WHAT TO PRODUCE:
The result should be a full, exact repeat of the entries, free of pictures.

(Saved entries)
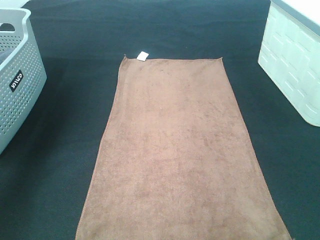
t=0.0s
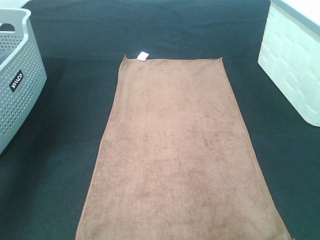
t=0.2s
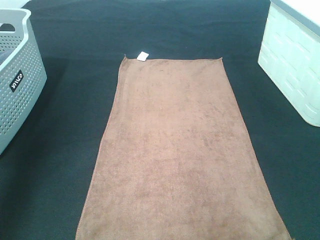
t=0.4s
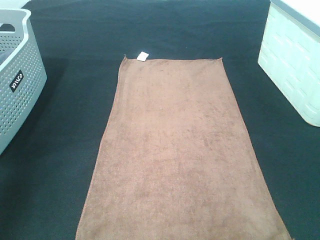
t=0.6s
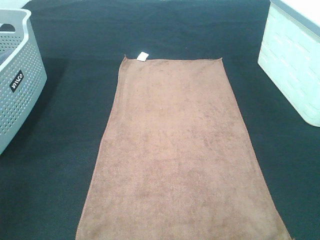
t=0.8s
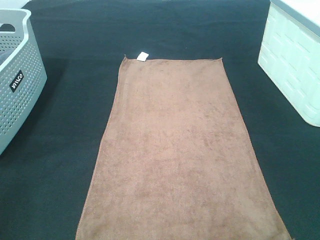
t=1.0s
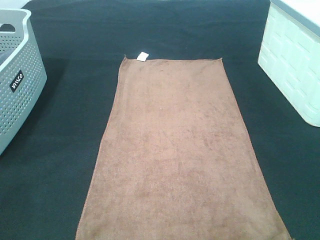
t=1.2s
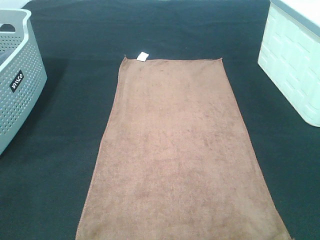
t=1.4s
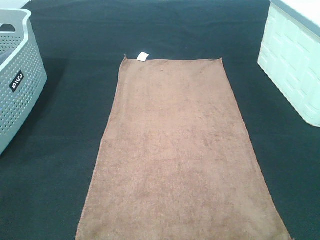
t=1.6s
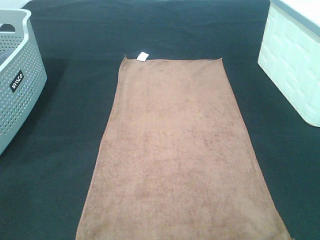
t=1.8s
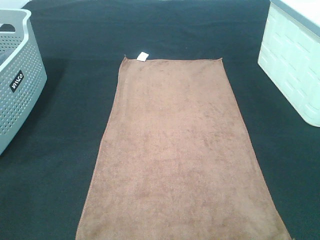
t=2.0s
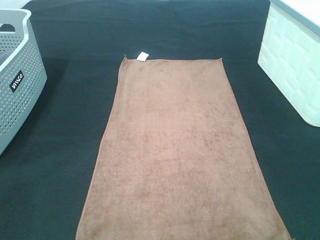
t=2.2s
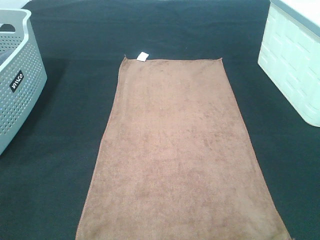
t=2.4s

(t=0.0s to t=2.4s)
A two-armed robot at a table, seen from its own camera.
Task of the whole recording: Remove the towel and place it.
t=0.0s - t=1.2s: The left gripper shifts some 35 cm backward.
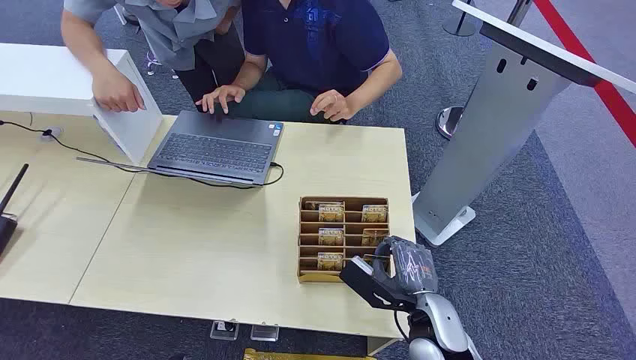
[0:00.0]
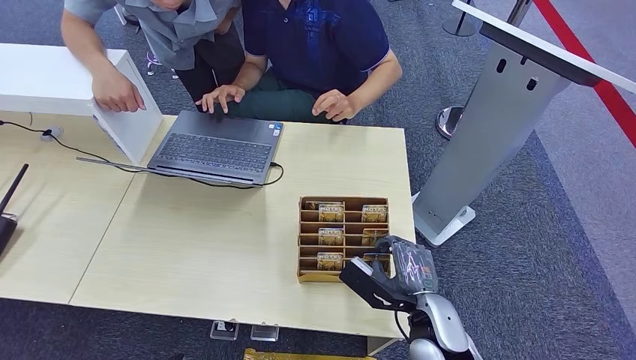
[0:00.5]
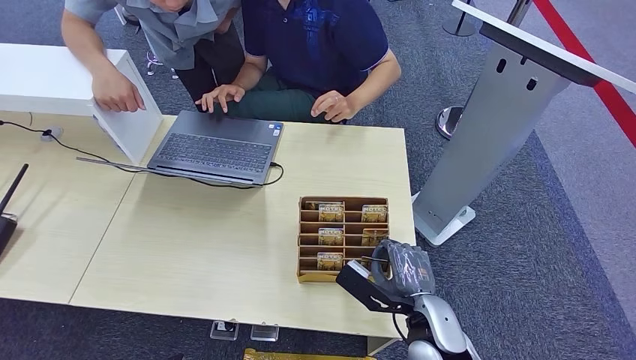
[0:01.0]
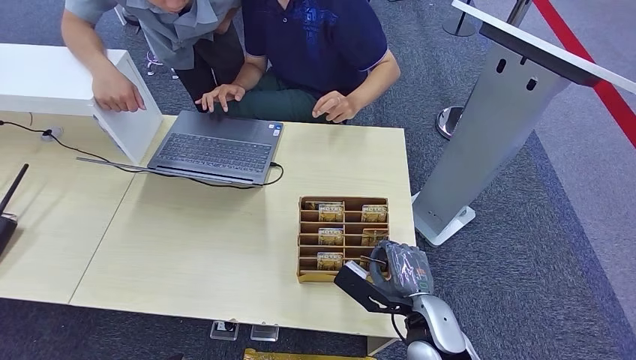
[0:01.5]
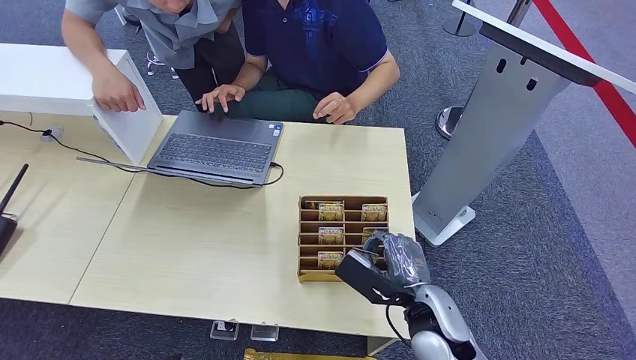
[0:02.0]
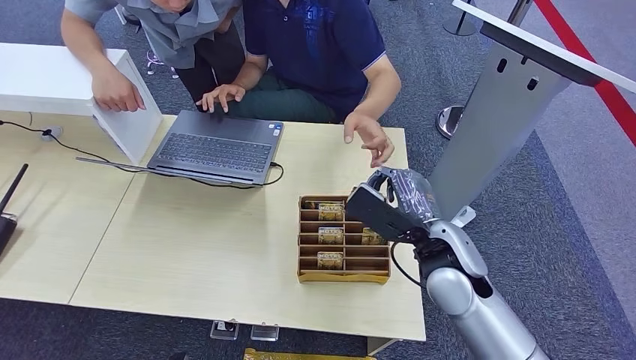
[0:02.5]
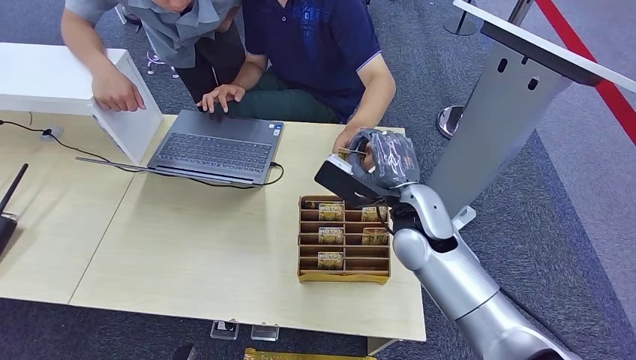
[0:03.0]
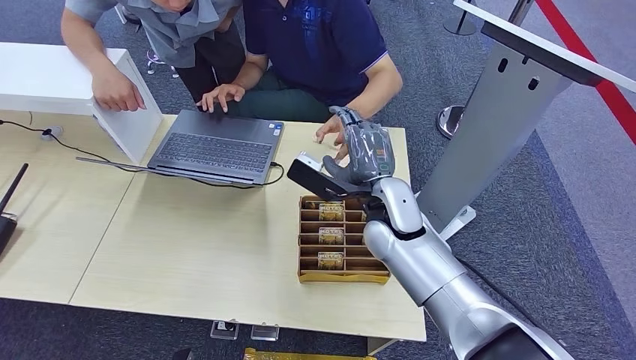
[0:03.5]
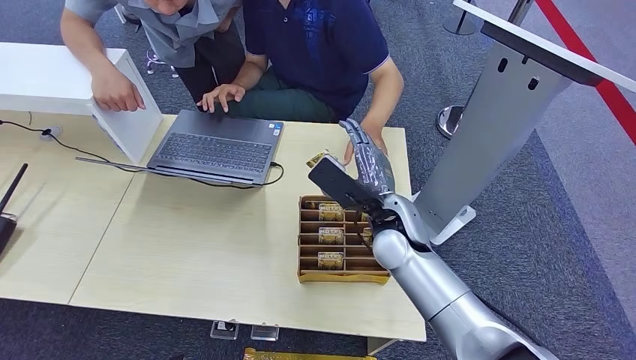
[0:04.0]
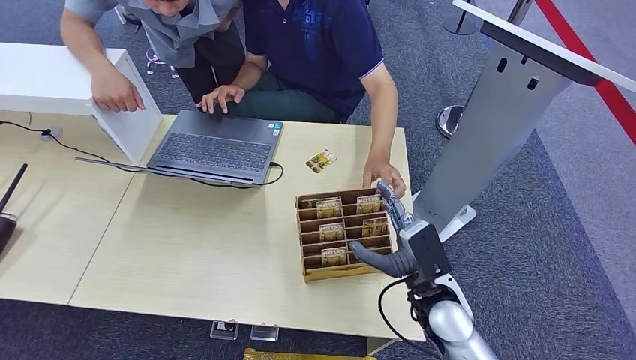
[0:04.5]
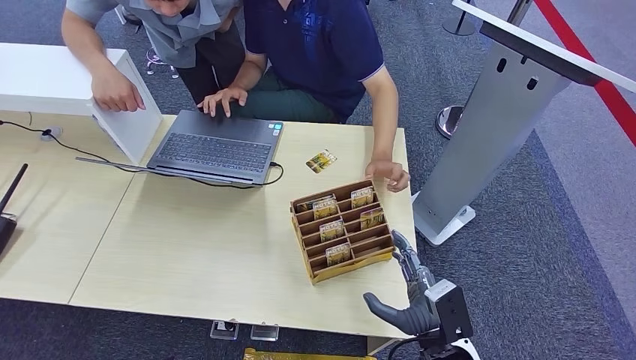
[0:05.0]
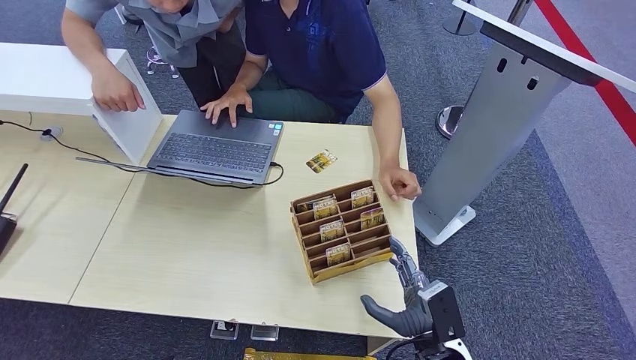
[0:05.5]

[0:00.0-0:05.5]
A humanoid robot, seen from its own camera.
Step, 0:00.0 to 0:02.5: Pick up the room card from the card holder.
Step, 0:03.0 to 0:05.5: Hand the room card to the target.
0:02.0 to 0:03.5: The right hand shifts roughly 15 cm forward and to the left.
0:03.5 to 0:05.5: The right hand heads backward, downward and to the right, covering approximately 30 cm.
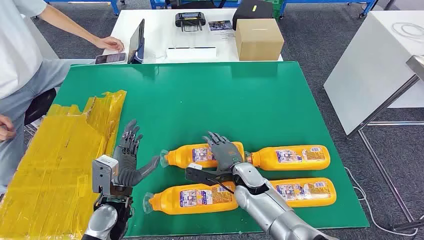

RESULT OF THE TASK:
t=0.0s
t=0.2s
t=0.4s
t=0.6s
t=0.8s
t=1.0s
t=1.2s
t=1.4s
t=1.6s
t=1.8s
t=2.0s
t=2.2s
t=2.4s

(t=0.0s to t=2.4s)
A two-armed robot at a table, seen from its own camera.
Task of the whole recording: Remove the towel and place it.
t=0.0s - t=1.2s: The left gripper shifts some 35 cm backward.
[0:00.0]
[0:00.5]
[0:01.0]
[0:01.5]
[0:02.0]
[0:02.5]
[0:03.0]
[0:03.5]
[0:04.0]
[0:04.5]
[0:05.0]
[0:05.5]

[0:00.0-0:05.5]
A humanoid robot, seen from its own camera.
Step, 0:00.0 to 0:02.5: Pick up the room card from the card holder.
Step, 0:03.0 to 0:05.5: Hand the room card to the target.
0:02.0 to 0:03.5: The right hand shifts roughly 15 cm forward and to the left.
0:03.5 to 0:05.5: The right hand heads backward, downward and to the right, covering approximately 30 cm.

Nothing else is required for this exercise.